Foram oito dias (1º a 8 de junho de 2007) de muito trabalho. Sob o comando do coronel Moisés Granjeiro, da Polícia Militar, a Operação Marco, contou com a participação de cerca de 40 pessoas entre policiais civis e militares; técnicos da Fundação Estadual do Meio Ambiente Ciência e Tecnologia (Femact), do Instituto de Terras de Roraima (Iteraima), da Secretaria de Estado do Índio, Bombeiros e Comunicação Social, além de dois representantes do Exército. O grupo percorreu toda a região, visitando a maioria das 16 vilas localizadas no médio e baixo Rio Branco, ouvindo os ribeirinhos e registrando tudo em fotos, vídeos e recolhendo decumentos.
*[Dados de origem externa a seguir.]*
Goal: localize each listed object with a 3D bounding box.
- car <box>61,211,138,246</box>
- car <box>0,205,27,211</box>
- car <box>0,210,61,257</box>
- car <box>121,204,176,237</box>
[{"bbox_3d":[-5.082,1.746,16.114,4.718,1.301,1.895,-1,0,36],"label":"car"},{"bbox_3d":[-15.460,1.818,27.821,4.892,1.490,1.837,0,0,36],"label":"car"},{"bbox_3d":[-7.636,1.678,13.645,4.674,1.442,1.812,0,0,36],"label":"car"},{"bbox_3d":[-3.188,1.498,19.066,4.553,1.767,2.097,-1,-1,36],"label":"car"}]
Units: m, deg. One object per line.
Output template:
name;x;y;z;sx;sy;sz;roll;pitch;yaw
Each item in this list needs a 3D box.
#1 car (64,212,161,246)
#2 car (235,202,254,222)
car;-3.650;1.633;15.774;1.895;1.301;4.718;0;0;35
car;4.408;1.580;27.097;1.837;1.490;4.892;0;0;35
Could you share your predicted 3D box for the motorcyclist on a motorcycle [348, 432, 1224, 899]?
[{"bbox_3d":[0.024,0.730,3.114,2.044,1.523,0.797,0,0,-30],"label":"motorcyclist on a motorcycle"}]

A intenção era, além de fazer esse registro documental, tentar conversar com as lideranças indígenas dos Waimiri-Atroari para que retrocedessem na decisão de deslocar o marco divisório (entrando 16 km no Estado de Roraima) e parassem de impedir os extrativistas de castanha, açaí e outros produtos da floresta de trabalharem. O encontro com o Waimiri-Atroari foi de muita tensão no início, mas no final terminou de forma pacífica, com as lideranças se comprometendo em repensar essas questões. No entanto, imediatamente após os representantes da Operação Marco deixarem a aldeia, a corrente foi levantada novamente no rio Jauaperi e toda a situação de impedimento dos castenheiros voltou como antes.
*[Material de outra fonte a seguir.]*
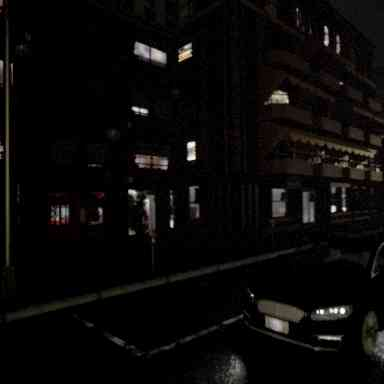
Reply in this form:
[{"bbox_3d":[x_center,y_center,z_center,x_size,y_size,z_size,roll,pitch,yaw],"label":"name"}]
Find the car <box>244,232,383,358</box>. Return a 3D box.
[{"bbox_3d":[2.934,1.581,6.302,4.902,1.511,2.128,0,-2,-44],"label":"car"}]
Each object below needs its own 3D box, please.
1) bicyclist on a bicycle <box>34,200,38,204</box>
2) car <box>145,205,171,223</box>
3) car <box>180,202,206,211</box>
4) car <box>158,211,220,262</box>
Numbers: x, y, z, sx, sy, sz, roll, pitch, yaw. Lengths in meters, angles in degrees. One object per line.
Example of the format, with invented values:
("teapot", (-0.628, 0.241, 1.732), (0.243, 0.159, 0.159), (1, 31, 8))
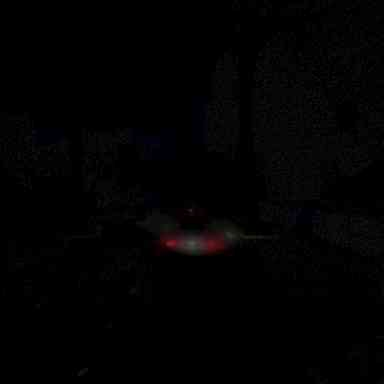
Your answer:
("bicyclist on a bicycle", (-20.029, 1.854, 42.670), (0.582, 1.620, 1.656), (0, 0, 0))
("car", (-2.773, 1.834, 28.314), (1.994, 1.385, 4.181), (0, -1, 1))
("car", (0.078, 1.620, 28.210), (2.097, 1.767, 4.553), (0, -1, 2))
("car", (0.014, 1.668, 12.548), (2.033, 1.411, 5.357), (0, -1, 0))
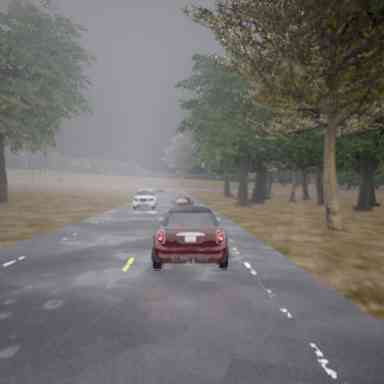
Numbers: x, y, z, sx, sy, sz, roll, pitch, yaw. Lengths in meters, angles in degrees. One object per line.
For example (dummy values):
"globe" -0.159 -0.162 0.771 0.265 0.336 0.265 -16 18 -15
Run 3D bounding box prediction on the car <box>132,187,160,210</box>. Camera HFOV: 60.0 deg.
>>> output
"car" -4.839 0.717 34.588 2.150 2.045 5.566 0 0 -3

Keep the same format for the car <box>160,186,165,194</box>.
"car" -7.185 -0.463 75.292 1.837 1.490 4.892 0 2 -3

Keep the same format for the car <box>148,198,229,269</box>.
"car" -0.081 1.225 10.807 2.097 1.767 4.553 0 1 -1

Indígenas avançam também pela BR-174
O deputado Coronel Chagas (PRTB) revelou hoje (30) ao FatoReal que a situação na divisa de Roraima com o Amazonas é ainda mais complicada. Segundo ele, além de impedirem os ribeirinhos de se deslocarem pelos rios que cortam a região, os Waimiris-Atroaris também avançam na BR-174, em direção a Roraima.
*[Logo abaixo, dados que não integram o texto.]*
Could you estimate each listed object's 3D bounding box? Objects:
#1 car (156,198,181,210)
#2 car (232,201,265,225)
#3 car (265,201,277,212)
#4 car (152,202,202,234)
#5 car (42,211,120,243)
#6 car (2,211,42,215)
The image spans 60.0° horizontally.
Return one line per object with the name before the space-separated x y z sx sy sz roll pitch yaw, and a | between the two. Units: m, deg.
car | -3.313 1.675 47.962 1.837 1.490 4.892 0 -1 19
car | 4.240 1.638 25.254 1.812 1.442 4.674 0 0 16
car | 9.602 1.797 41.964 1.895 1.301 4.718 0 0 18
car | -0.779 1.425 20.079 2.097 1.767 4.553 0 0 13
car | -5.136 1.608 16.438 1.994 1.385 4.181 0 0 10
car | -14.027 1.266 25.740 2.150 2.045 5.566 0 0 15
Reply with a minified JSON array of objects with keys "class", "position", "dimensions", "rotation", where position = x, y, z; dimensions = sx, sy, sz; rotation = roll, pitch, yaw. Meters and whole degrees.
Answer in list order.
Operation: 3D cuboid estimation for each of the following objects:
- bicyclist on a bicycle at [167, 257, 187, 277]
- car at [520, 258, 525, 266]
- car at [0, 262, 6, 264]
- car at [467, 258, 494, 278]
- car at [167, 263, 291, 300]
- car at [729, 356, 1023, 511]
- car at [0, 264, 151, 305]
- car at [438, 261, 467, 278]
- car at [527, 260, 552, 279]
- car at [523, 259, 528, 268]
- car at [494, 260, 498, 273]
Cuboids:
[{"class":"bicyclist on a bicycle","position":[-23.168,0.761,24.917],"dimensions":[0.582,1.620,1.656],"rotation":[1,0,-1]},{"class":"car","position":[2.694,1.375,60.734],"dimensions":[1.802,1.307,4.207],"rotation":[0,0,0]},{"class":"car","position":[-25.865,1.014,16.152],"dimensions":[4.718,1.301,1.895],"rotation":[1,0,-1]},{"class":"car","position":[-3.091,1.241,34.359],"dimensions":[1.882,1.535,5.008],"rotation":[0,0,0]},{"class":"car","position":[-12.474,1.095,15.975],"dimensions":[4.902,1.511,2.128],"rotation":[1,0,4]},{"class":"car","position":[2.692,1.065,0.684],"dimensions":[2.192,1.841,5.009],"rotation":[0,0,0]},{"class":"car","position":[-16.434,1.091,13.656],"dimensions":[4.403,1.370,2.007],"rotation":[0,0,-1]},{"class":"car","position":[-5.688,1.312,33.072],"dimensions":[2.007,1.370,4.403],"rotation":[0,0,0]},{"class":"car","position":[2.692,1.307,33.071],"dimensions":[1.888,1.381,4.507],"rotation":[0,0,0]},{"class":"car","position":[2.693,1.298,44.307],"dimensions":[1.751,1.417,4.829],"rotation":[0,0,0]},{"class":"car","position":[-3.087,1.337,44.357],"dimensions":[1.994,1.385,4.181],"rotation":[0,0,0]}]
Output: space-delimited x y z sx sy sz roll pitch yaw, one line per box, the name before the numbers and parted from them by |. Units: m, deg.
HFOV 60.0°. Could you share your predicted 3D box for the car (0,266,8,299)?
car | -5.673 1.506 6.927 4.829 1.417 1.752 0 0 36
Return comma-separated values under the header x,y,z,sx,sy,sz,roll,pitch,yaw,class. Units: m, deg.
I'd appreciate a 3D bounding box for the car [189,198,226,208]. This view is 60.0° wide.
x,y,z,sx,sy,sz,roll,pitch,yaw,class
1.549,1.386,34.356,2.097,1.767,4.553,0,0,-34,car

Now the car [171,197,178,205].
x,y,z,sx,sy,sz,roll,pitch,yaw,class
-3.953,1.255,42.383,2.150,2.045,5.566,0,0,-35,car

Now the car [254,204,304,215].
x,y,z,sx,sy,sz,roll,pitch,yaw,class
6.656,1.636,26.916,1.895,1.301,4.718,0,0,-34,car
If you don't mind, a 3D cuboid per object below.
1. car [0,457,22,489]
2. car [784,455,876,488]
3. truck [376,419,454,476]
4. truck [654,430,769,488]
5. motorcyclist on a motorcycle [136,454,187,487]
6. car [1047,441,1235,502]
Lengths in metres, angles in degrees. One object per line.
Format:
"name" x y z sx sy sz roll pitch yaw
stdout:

“Eles [índios] vão avançando aos poucos. Onde não existe habitações, nem a presença de não índios eles vão ocupando o espaço e, através de portaria, vão aumentando a área da reserva”, denunciou, acrescentando que os indígenas não agem sozinhos, mas influenciados por uma Organização Não Governamental (ONG) que tem o mesmo nome da etnia – Waimiri-Atroari.
Chagas também disse que na época da Operação Marco, o Governo do Estado, por meio do GGC, tomou as providências que lhe eram cabíveis, como o encaminhamento do relatório ao Ministério da Justiça e ao Ministério Público Federal (MPF), além de ter impetrado com uma ação na Justiça Federal, por meio da Procuradoria-Geral do Estado (Proge), a fim de que o Estado obtivesse de volta os 16 km de terras ocupados indevidamente pelos índios, além de garantir o direito de ir, vir e de trabalho aos ribeirinhos que trabalham com extrativismo vegetal na região do conflito.
“Não sei em que pé esta hoje essa ação, mas creio que ainda esta em tramitação na Justiça Federal. O Estado precisa voltar à região, talvez realizando uma nova operação com a presença das forças policiais, técnicos e até dos parlamentares, para que se possa resolver essa situação de forma pacífica”, reforçou.
No início da tarde desta terça-feira (29), no final da sabatina na Assembleia Legislativa de Roraima (ALE), o diretor-presidente interino do Iteraima, Márcio Junqueira, adiantou ser intenção do Governo realizar uma nova ação na região, a exemplo da Operação Marco. Ele disse ter ido à região do baixo Rio Branco por ocasião do carnaval e verificou in loco a situação vivida ali pelos ribeirinhos.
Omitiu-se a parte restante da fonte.